▶ **WORK TO COMPLETE**: Whenever a picture appears, leave it out while repeating all the other data exactly.

▶ **SUPPLIED RECORDS**:
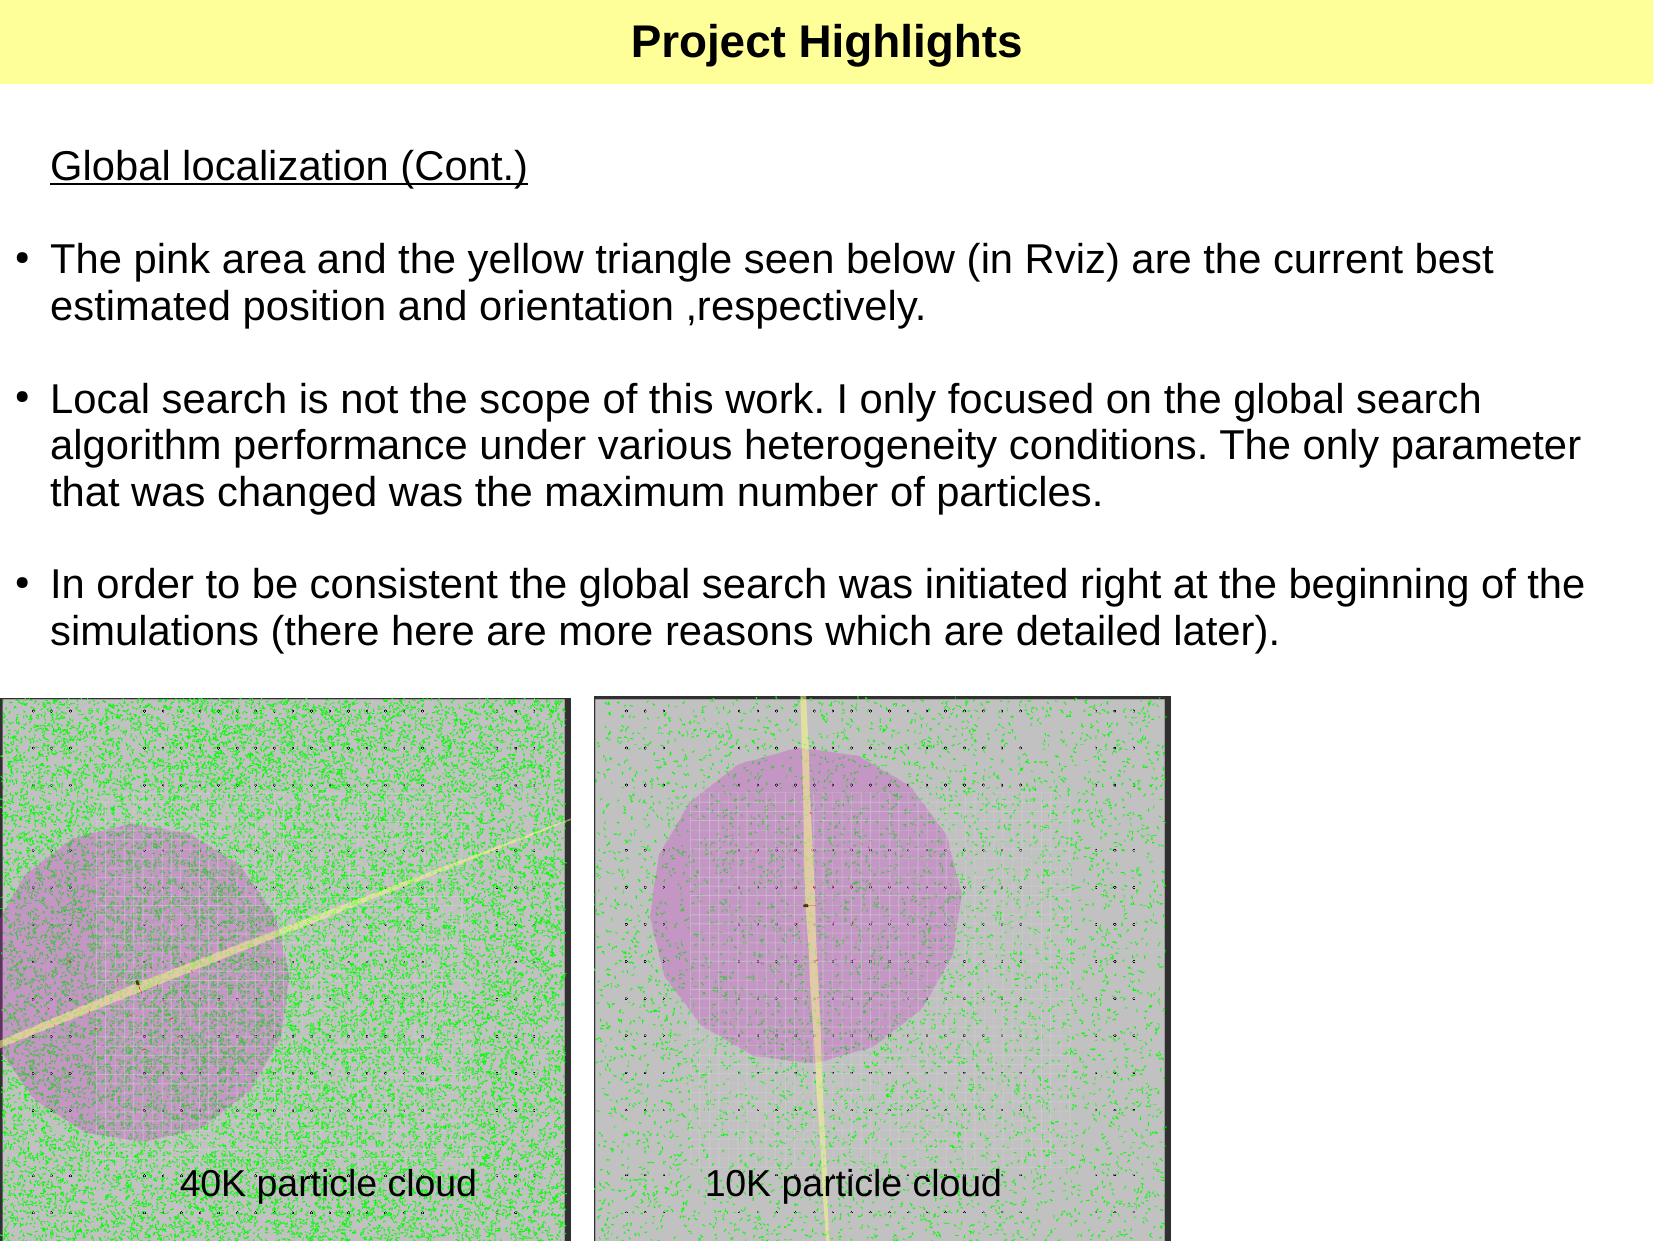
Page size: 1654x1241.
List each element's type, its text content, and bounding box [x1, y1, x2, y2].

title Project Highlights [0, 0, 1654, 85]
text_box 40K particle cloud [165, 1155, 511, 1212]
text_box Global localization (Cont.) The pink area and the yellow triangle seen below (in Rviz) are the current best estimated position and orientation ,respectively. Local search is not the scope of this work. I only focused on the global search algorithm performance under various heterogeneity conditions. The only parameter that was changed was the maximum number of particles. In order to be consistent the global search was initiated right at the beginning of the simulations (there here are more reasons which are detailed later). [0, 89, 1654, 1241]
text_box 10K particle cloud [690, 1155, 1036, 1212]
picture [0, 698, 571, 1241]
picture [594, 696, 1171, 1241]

▶ **TASK SOLUTION**:
Page size: 1654x1241.
List each element's type, its text content, and bounding box [x1, y1, x2, y2].

title Project Highlights [0, 0, 1654, 85]
text_box 40K particle cloud [165, 1155, 511, 1212]
text_box Global localization (Cont.) The pink area and the yellow triangle seen below (in Rviz) are the current best estimated position and orientation ,respectively. Local search is not the scope of this work. I only focused on the global search algorithm performance under various heterogeneity conditions. The only parameter that was changed was the maximum number of particles. In order to be consistent the global search was initiated right at the beginning of the simulations (there here are more reasons which are detailed later). [0, 89, 1654, 1241]
text_box 10K particle cloud [690, 1155, 1036, 1212]
picture [0, 698, 571, 1241]
picture [594, 696, 1171, 1241]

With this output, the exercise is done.